Di ruang sidang, Widi tidak menerima begitu saja konstruksi perkara yang dibangun penuntut umum. Dalam persidangan 13 Agustus 2026, Widi membantah dirinya memperkaya diri dari transaksi lahan tersebut. Dia menyatakan uang yang diterimanya digunakan untuk kegiatan sosial. Widi juga membantah tudingan bahwa dirinya menjual aset negara.

Tim kuasa hukumnya kemudian mempersoalkan status tanah yang menjadi objek perkara. Menurut pembelaan, lahan tersebut berstatus Hak Guna Usaha (HGU) dan tercatat atas nama PT Rumpun Sari Antan. Pihak Widi mempertanyakan konstruksi yang menempatkan lahan tersebut sebagai aset negara.

Kuasa hukum juga mempersoalkan kewenangan Pengadilan Militer Tinggi II Jakarta untuk mengadili perkara tersebut. Mereka berpendapat perkara semestinya diperiksa di peradilan umum. Pada pemeriksaan saksi 13 Agustus, persidangan berlangsung maraton dan menghadirkan sejumlah saksi dari berbagai instansi. Perkara masih berada dalam tahap pembuktian.

Bukan Pertama Jenderal Bintang Tiga Duduk sebagai Terdakwa

Kasus Widi juga membawa publik pada satu catatan sejarah di tubuh TNI. Widi yang kelahiran Trenggalek, Jawa Timur, itu  bukan jenderal bintang tiga pertama yang menjadi terdakwa dalam perkara korupsi.

Pada 2013, Letjen TNI (Purn.) Djadja Suparman, mantan Pangdam V/Brawijaya dan mantan Pangkostrad, juga duduk sebagai terdakwa dalam perkara korupsi ruislag tanah. Djadja kemudian dinyatakan bersalah melakukan korupsi yang merugikan negara sekitar Rp 13,3 miliar dan dijatuhi hukuman empat tahun penjara serta denda Rp30 juta.

Dengan demikian, perkara Widi lebih tepat disebut sebagai kembalinya jenderal TNI bintang tiga ke kursi terdakwa, bukan yang pertama. Jarak waktunya juga cukup panjang, sekitar 13 tahun sejak perkara Djadja Suparman.

Di sinilah perkara Widi menjadi lebih dari sekadar kasus korupsi pengadaan lahan.  Ada kontras tajam antara rekam karier seorang perwira tinggi dan posisinya sekarang. Widi pernah menjadi bagian dari Kopassus. Pernah memimpin pasukan elite tersebut. Pernah menjadi Pangdam IV/Diponegoro. Pernah menjadi ajudan Presiden. Dan kemudian menyandang tiga bintang sebagai letnan jenderal.
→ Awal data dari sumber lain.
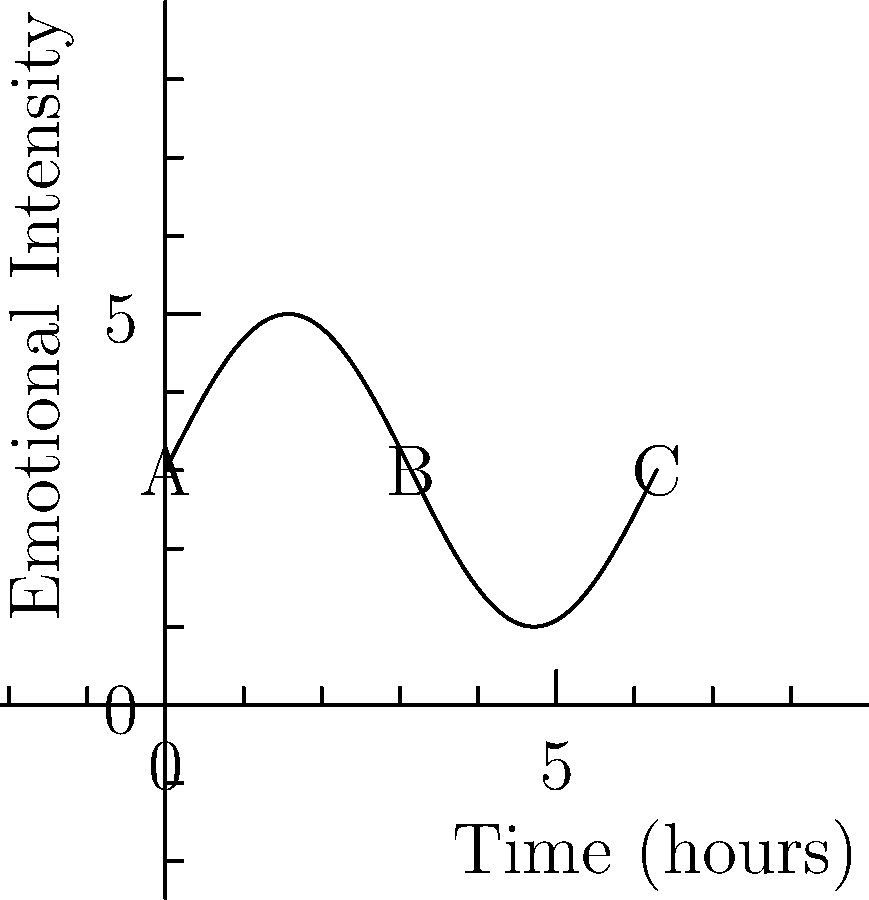The graph represents the emotional intensity experienced by readers during a 6-hour reading session of a science fiction novel. If the function describing this curve is $f(x) = 2\sin(x) + 3$, where $x$ is in hours, calculate the total emotional impact (area under the curve) for the entire reading session. Round your answer to two decimal places. To find the area under the curve, we need to integrate the function $f(x) = 2\sin(x) + 3$ from 0 to $2\pi$ (representing 6 hours).

1) Set up the definite integral:
   $$\int_0^{2\pi} (2\sin(x) + 3) dx$$

2) Integrate each term separately:
   $$\int_0^{2\pi} 2\sin(x) dx + \int_0^{2\pi} 3 dx$$

3) For the sine term:
   $$[-2\cos(x)]_0^{2\pi} = [-2\cos(2\pi) + 2\cos(0)] = [-2(1) + 2(1)] = 0$$

4) For the constant term:
   $$[3x]_0^{2\pi} = 3(2\pi) - 3(0) = 6\pi$$

5) Sum the results:
   $$0 + 6\pi = 6\pi$$

6) Convert to a decimal and round to two places:
   $$6\pi \approx 18.85$$

Therefore, the total emotional impact over the 6-hour reading session is approximately 18.85 units.
Answer: 18.85 
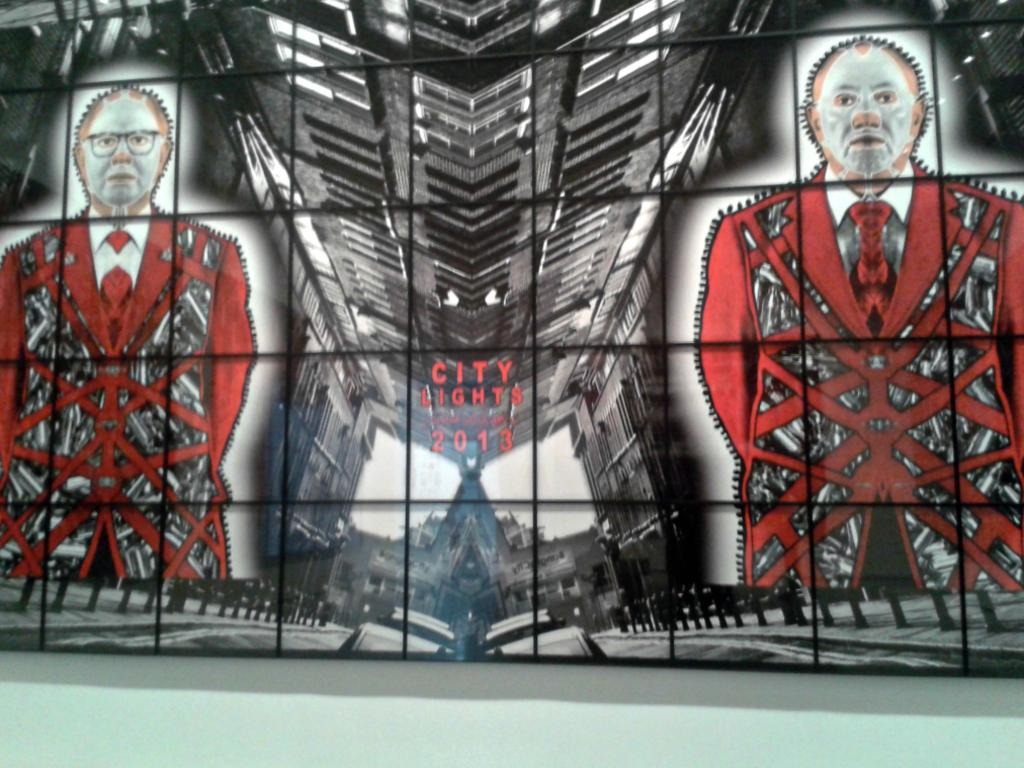What type of wall is present in the image? There is a glass wall in the image. What is depicted on the glass wall? The glass wall has an image of animation pictures. Are there any words written on the glass wall? Yes, the words "City Lights 2013" are written on the glass wall. Can you see a bear interacting with the animation pictures on the glass wall? There is no bear present in the image, and the glass wall only displays animation pictures. 
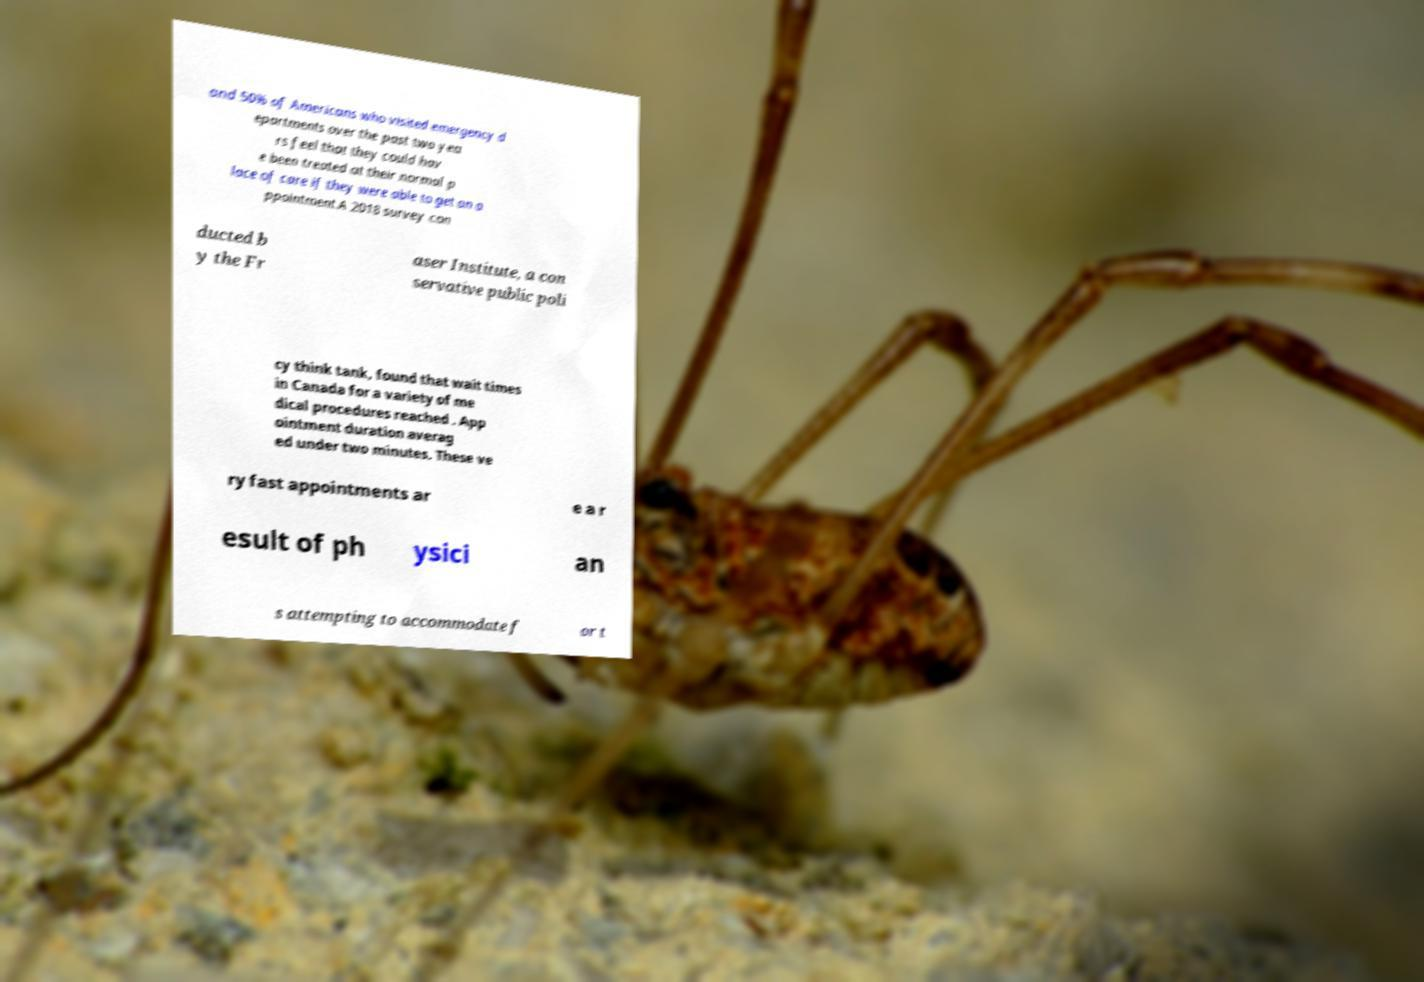Can you read and provide the text displayed in the image?This photo seems to have some interesting text. Can you extract and type it out for me? and 50% of Americans who visited emergency d epartments over the past two yea rs feel that they could hav e been treated at their normal p lace of care if they were able to get an a ppointment.A 2018 survey con ducted b y the Fr aser Institute, a con servative public poli cy think tank, found that wait times in Canada for a variety of me dical procedures reached . App ointment duration averag ed under two minutes. These ve ry fast appointments ar e a r esult of ph ysici an s attempting to accommodate f or t

Namun, perjalanan itu kini berhadapan dengan proses hukum yang belum selesai. Dari panggung komando, Widi berpindah ke ruang pemeriksaan jaksa. Dari saksi, menjadi terdakwa. Dari memimpin ribuan prajurit, kini harus menjawab dakwaan di hadapan majelis hakim.

Perkara ini pun belum berakhir. Masih ada pertanyaan yang harus dibuktikan di persidangan. Bagaimana sebenarnya transaksi lahan Rp 237 miliar berlangsung, bagaimana status hukum tanah tersebut, apakah terdapat penyimpangan dalam proses jual-beli, ke mana aliran dana sekitar Rp 21 miliar bergerak, serta apakah uang yang diterima Widi merupakan gratifikasi sebagaimana didakwakan atau memiliki penjelasan lain sebagaimana dibantahnya.

Semua itu akan diuji melalui pembuktian di persidangan. Saat ini, satu hal yang pasti bahwa Letjen TNI Widi Prasetijono, jenderal bintang tiga dengan karier panjang dari Kopassus hingga jajaran elite TNI AD, kini menjadi terdakwa dalam perkara korupsi yang menyeret transaksi lahan Rp 237 miliar.

Dan seperti halnya terdakwa lainnya, Widi tetap memiliki hak atas asas praduga tak bersalah sampai ada putusan pengadilan yang berkekuatan hukum tetap. (*)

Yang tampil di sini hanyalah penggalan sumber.